### Exercise directions
Each line below should be restated exactly, with nothing dropped.

### Extracted material
┄┄┄┄┄┄
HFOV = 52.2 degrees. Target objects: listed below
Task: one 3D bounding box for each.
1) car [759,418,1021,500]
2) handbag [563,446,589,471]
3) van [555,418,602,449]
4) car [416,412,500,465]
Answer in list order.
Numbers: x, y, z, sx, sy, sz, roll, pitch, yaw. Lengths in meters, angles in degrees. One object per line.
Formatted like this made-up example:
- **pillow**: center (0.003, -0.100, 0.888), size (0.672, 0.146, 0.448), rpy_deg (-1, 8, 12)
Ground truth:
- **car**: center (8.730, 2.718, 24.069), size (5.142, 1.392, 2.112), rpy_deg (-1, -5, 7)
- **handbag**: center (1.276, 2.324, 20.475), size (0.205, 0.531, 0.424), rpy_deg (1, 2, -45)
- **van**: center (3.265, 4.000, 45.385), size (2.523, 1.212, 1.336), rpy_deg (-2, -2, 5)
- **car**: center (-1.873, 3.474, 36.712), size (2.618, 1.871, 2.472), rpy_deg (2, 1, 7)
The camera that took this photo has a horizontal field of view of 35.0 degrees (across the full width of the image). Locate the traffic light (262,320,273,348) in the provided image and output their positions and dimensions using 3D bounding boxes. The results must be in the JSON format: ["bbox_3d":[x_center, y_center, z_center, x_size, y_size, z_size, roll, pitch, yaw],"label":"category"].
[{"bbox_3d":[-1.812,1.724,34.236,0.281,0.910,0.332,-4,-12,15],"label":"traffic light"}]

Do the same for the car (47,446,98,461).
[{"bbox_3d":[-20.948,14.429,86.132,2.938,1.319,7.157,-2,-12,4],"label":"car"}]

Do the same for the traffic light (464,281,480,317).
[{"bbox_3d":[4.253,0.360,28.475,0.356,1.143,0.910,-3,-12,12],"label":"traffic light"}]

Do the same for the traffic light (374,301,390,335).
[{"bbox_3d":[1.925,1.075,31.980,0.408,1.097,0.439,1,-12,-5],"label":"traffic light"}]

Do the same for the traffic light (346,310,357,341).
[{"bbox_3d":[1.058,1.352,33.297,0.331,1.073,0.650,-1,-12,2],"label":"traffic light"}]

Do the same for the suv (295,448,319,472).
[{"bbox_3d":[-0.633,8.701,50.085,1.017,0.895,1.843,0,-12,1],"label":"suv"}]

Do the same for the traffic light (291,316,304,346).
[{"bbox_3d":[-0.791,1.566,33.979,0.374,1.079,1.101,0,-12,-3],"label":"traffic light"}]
┄┄┄┄┄┄
### Solution to this problem
HFOV = 52.2 degrees. Target objects: listed below
Task: one 3D bounding box for each.
1) car [759,418,1021,500]
2) handbag [563,446,589,471]
3) van [555,418,602,449]
4) car [416,412,500,465]
Answer in list order.
Numbers: x, y, z, sx, sy, sz, roll, pitch, yaw. Lengths in meters, angles in degrees. One object per line.
Formatted like this made-up example:
- **pillow**: center (0.003, -0.100, 0.888), size (0.672, 0.146, 0.448), rpy_deg (-1, 8, 12)
Ground truth:
- **car**: center (8.730, 2.718, 24.069), size (5.142, 1.392, 2.112), rpy_deg (-1, -5, 7)
- **handbag**: center (1.276, 2.324, 20.475), size (0.205, 0.531, 0.424), rpy_deg (1, 2, -45)
- **van**: center (3.265, 4.000, 45.385), size (2.523, 1.212, 1.336), rpy_deg (-2, -2, 5)
- **car**: center (-1.873, 3.474, 36.712), size (2.618, 1.871, 2.472), rpy_deg (2, 1, 7)
The camera that took this photo has a horizontal field of view of 35.0 degrees (across the full width of the image). Locate the traffic light (262,320,273,348) in the provided image and output their positions and dimensions using 3D bounding boxes. The results must be in the JSON format: ["bbox_3d":[x_center, y_center, z_center, x_size, y_size, z_size, roll, pitch, yaw],"label":"category"].
[{"bbox_3d":[-1.812,1.724,34.236,0.281,0.910,0.332,-4,-12,15],"label":"traffic light"}]

Do the same for the car (47,446,98,461).
[{"bbox_3d":[-20.948,14.429,86.132,2.938,1.319,7.157,-2,-12,4],"label":"car"}]

Do the same for the traffic light (464,281,480,317).
[{"bbox_3d":[4.253,0.360,28.475,0.356,1.143,0.910,-3,-12,12],"label":"traffic light"}]

Do the same for the traffic light (374,301,390,335).
[{"bbox_3d":[1.925,1.075,31.980,0.408,1.097,0.439,1,-12,-5],"label":"traffic light"}]

Do the same for the traffic light (346,310,357,341).
[{"bbox_3d":[1.058,1.352,33.297,0.331,1.073,0.650,-1,-12,2],"label":"traffic light"}]

Do the same for the suv (295,448,319,472).
[{"bbox_3d":[-0.633,8.701,50.085,1.017,0.895,1.843,0,-12,1],"label":"suv"}]

Do the same for the traffic light (291,316,304,346).
[{"bbox_3d":[-0.791,1.566,33.979,0.374,1.079,1.101,0,-12,-3],"label":"traffic light"}]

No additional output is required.